**Entries taken from a collection**.
>>>>>
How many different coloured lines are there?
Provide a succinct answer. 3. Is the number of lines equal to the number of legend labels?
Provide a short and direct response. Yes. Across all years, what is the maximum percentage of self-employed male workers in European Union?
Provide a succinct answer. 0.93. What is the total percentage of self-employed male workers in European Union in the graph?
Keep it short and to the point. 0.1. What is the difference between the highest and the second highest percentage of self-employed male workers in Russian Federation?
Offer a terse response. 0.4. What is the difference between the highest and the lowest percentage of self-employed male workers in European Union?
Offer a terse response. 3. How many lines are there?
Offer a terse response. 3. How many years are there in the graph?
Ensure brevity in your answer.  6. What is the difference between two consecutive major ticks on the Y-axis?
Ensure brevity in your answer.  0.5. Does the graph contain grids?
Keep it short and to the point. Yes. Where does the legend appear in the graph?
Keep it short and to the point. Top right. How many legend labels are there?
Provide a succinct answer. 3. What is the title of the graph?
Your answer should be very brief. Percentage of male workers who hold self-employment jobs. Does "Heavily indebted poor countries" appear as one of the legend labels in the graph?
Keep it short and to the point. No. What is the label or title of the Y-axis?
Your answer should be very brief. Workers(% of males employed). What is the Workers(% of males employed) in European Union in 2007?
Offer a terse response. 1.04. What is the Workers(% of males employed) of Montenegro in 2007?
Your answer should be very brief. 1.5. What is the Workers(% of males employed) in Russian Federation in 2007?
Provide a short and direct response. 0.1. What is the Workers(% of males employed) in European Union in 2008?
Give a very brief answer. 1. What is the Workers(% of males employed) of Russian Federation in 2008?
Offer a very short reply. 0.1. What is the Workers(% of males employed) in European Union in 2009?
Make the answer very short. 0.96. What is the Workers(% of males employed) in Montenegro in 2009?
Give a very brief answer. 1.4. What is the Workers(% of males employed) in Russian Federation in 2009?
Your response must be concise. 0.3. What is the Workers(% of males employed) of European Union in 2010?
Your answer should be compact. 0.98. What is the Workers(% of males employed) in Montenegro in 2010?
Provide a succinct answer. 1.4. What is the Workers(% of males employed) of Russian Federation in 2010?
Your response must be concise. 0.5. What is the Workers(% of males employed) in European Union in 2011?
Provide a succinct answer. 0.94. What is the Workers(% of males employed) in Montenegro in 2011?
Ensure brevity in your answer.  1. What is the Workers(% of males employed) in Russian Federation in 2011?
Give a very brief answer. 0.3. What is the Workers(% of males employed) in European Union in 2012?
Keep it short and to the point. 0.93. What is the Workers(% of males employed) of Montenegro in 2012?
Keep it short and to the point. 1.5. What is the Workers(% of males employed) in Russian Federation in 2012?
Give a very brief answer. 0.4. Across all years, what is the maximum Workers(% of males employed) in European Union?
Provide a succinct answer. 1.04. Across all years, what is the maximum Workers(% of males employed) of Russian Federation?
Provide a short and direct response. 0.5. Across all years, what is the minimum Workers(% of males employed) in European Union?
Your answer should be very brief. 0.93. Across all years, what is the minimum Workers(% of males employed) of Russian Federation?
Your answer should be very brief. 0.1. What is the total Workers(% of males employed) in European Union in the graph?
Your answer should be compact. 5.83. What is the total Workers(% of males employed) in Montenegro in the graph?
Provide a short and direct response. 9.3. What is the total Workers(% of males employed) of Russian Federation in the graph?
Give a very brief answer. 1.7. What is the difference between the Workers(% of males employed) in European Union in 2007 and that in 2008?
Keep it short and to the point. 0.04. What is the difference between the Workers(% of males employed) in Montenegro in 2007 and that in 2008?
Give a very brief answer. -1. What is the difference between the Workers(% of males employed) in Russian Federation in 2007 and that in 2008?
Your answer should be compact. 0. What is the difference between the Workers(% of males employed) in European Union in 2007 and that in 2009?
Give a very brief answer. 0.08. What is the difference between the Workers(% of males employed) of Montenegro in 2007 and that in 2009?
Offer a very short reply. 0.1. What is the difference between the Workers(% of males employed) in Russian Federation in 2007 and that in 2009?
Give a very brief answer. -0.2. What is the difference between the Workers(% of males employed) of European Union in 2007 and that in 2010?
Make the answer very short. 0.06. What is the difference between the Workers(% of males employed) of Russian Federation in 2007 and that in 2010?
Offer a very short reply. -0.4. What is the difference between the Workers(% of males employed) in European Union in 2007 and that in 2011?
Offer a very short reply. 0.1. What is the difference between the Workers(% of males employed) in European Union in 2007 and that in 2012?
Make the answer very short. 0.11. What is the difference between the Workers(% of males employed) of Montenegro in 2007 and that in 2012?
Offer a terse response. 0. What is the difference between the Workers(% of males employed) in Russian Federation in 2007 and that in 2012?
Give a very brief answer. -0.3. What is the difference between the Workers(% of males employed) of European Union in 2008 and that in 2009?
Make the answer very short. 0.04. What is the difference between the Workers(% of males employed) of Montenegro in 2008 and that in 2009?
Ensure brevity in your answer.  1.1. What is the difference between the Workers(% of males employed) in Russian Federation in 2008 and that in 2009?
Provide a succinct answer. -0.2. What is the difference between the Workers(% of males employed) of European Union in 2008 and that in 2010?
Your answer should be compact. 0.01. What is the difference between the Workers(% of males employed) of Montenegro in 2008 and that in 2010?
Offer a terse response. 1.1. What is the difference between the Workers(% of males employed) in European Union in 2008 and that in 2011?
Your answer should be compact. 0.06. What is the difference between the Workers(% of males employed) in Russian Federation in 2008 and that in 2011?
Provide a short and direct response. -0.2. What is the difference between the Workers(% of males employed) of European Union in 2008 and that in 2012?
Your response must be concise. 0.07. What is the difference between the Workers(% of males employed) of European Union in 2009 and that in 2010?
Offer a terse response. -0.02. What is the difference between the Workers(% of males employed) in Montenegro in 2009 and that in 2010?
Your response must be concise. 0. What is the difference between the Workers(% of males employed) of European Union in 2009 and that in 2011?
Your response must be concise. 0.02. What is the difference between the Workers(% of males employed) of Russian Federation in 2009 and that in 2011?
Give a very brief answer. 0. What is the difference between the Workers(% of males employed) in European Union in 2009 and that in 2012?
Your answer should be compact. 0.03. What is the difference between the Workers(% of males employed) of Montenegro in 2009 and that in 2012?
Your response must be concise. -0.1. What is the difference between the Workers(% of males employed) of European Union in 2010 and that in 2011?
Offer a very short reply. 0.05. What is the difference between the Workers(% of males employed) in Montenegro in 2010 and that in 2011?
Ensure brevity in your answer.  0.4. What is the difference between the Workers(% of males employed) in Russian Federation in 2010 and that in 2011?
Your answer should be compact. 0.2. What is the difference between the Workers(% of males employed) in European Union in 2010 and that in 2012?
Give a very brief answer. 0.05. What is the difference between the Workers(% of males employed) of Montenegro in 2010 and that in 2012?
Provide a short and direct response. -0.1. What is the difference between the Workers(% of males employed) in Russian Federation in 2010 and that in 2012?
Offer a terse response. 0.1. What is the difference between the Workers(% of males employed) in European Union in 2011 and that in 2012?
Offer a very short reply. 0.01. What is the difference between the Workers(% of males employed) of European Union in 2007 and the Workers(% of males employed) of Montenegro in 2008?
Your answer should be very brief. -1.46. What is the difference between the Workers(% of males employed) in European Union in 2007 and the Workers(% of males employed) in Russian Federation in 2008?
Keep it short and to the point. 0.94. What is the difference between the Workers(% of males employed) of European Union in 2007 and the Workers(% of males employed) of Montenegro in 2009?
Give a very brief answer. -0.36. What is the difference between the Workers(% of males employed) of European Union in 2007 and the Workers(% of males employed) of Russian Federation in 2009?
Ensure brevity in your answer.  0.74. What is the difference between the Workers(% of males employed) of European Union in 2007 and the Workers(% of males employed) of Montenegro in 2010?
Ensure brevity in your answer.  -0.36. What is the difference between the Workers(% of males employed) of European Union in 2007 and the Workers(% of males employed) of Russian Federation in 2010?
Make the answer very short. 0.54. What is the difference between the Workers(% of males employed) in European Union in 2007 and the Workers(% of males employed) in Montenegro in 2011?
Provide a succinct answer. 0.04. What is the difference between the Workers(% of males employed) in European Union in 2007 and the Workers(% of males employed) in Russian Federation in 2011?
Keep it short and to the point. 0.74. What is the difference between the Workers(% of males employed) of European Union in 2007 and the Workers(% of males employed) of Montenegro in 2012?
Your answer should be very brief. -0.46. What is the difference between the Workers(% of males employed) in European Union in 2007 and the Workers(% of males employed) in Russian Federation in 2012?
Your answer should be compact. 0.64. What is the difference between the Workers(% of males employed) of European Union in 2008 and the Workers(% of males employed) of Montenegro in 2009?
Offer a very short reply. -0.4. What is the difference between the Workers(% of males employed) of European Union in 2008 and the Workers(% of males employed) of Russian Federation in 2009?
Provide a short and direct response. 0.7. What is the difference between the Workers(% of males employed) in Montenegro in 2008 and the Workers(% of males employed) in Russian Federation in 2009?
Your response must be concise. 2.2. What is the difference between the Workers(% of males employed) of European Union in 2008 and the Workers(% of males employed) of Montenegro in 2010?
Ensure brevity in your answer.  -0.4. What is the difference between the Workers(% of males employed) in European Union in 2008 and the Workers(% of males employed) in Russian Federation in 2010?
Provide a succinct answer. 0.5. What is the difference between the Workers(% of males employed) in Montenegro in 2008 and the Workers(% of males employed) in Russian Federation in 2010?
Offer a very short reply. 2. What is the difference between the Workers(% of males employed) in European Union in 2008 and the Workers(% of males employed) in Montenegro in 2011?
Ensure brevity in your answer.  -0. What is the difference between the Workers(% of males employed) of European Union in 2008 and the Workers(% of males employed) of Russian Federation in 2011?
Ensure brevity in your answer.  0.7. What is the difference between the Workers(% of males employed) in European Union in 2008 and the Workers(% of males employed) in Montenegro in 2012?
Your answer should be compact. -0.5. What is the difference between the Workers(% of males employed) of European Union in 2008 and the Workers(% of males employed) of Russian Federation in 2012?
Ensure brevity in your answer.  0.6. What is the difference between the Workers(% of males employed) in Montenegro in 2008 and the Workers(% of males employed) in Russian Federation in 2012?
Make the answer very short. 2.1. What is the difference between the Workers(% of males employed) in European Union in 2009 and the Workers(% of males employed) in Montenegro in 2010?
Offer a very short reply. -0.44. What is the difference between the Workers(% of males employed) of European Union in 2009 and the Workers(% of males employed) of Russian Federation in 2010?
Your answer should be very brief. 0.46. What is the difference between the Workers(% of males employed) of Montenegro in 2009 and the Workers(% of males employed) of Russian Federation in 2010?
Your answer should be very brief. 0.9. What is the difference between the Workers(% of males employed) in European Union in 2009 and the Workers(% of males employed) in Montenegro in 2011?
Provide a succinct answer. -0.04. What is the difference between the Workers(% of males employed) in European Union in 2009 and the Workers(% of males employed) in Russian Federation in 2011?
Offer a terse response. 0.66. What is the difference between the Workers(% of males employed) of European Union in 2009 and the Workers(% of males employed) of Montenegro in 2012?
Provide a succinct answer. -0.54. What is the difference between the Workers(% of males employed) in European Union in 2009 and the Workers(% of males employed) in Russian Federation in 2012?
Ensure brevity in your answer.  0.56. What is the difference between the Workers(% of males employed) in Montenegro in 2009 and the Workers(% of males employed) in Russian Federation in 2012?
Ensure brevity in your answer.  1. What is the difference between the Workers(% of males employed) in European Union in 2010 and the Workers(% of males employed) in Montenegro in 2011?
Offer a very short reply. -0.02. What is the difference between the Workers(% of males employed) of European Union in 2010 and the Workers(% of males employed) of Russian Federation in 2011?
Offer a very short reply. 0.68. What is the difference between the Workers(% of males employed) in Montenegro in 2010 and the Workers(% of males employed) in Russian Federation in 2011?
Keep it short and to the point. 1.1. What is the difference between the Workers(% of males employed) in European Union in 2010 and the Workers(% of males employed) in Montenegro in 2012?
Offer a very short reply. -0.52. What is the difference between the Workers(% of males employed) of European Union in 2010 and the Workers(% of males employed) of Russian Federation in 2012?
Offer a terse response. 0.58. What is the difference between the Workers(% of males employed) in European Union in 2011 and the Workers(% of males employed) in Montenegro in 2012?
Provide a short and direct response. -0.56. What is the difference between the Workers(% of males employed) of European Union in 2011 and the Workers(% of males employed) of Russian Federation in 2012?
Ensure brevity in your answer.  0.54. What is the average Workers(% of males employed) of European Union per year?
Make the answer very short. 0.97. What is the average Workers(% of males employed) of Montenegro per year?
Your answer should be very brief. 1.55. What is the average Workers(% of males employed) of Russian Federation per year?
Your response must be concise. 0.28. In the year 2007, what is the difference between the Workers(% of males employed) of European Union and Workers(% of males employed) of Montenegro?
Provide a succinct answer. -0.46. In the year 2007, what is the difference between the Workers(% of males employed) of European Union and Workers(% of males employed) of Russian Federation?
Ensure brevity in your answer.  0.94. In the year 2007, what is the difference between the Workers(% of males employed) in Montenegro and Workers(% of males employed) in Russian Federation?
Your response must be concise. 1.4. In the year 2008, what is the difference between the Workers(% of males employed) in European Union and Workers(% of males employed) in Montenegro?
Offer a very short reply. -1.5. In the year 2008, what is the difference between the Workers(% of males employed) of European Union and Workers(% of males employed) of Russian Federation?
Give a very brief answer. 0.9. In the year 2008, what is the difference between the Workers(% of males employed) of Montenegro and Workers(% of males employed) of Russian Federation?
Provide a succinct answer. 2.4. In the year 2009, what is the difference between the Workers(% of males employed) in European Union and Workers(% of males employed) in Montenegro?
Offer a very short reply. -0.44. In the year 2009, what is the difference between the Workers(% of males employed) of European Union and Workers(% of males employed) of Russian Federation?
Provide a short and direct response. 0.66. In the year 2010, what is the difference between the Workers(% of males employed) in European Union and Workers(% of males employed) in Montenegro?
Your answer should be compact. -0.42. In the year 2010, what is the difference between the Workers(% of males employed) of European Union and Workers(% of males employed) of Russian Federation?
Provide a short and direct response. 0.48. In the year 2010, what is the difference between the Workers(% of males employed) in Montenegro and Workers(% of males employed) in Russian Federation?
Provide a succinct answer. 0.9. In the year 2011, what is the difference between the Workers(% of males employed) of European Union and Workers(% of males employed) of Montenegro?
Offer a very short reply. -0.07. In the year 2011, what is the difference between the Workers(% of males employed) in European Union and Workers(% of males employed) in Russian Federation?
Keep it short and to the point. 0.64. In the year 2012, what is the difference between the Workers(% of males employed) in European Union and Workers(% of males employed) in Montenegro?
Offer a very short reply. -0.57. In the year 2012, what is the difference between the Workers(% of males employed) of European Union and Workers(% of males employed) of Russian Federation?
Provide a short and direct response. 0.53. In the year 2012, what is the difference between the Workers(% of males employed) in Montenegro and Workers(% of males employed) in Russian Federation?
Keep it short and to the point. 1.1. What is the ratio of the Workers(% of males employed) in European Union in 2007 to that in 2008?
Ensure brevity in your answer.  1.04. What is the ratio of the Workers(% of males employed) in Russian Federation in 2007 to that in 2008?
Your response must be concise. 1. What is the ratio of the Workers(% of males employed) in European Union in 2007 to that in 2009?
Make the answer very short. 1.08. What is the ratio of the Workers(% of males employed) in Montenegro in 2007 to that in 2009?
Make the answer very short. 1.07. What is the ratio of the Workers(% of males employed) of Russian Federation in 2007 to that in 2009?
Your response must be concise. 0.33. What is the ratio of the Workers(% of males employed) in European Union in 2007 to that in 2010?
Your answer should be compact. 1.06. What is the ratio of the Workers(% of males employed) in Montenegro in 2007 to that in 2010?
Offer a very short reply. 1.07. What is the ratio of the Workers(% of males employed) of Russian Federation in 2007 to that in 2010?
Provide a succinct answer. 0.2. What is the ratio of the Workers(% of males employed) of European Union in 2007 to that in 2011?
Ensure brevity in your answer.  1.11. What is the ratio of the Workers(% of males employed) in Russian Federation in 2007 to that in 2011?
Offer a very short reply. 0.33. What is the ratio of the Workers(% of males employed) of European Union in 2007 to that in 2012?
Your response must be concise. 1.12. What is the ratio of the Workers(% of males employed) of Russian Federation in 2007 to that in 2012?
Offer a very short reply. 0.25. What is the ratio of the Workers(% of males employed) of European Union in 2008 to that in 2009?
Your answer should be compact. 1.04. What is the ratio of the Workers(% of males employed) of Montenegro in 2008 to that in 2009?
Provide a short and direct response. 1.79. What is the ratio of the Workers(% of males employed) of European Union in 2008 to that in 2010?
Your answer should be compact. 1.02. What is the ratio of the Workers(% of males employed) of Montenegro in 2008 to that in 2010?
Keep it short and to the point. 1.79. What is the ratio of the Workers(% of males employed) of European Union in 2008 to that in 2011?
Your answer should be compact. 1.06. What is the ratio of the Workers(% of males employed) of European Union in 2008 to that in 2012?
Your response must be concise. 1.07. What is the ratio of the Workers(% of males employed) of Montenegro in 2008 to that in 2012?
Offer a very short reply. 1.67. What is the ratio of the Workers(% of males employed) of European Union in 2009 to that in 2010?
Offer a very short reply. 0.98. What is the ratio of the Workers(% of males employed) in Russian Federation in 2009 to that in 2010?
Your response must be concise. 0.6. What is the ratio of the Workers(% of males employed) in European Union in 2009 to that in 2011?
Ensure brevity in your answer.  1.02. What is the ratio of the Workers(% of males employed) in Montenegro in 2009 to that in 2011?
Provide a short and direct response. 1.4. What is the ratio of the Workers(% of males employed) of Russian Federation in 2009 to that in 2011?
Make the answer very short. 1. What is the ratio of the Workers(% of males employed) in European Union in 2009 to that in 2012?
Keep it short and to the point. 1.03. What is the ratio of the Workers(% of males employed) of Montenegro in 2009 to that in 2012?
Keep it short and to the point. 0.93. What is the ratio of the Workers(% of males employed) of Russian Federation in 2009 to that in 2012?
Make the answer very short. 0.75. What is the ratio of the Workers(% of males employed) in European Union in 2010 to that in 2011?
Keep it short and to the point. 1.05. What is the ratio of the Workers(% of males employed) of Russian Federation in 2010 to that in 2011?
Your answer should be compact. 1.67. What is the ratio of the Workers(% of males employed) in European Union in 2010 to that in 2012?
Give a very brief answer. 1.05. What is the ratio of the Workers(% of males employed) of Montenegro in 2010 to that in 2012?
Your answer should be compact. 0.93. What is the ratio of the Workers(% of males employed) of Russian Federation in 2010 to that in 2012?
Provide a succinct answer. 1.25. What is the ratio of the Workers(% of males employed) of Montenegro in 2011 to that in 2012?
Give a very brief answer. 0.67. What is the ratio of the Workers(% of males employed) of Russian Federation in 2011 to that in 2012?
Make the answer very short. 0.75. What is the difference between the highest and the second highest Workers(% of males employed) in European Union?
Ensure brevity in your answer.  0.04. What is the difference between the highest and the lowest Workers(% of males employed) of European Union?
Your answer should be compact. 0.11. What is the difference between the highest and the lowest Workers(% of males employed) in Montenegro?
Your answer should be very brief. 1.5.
<<<<<
Could you set down, word for word, only the lines above from the line with "Your response must be concise. 1.07." to the line with "Your response must be concise. 0.6.", including both?

**Reply**.
Your response must be concise. 1.07. What is the ratio of the Workers(% of males employed) of Montenegro in 2008 to that in 2012?
Offer a very short reply. 1.67. What is the ratio of the Workers(% of males employed) of European Union in 2009 to that in 2010?
Offer a very short reply. 0.98. What is the ratio of the Workers(% of males employed) in Russian Federation in 2009 to that in 2010?
Your response must be concise. 0.6. What is the ratio of the Workers(% of males employed) in European Union in 2009 to that in 2011?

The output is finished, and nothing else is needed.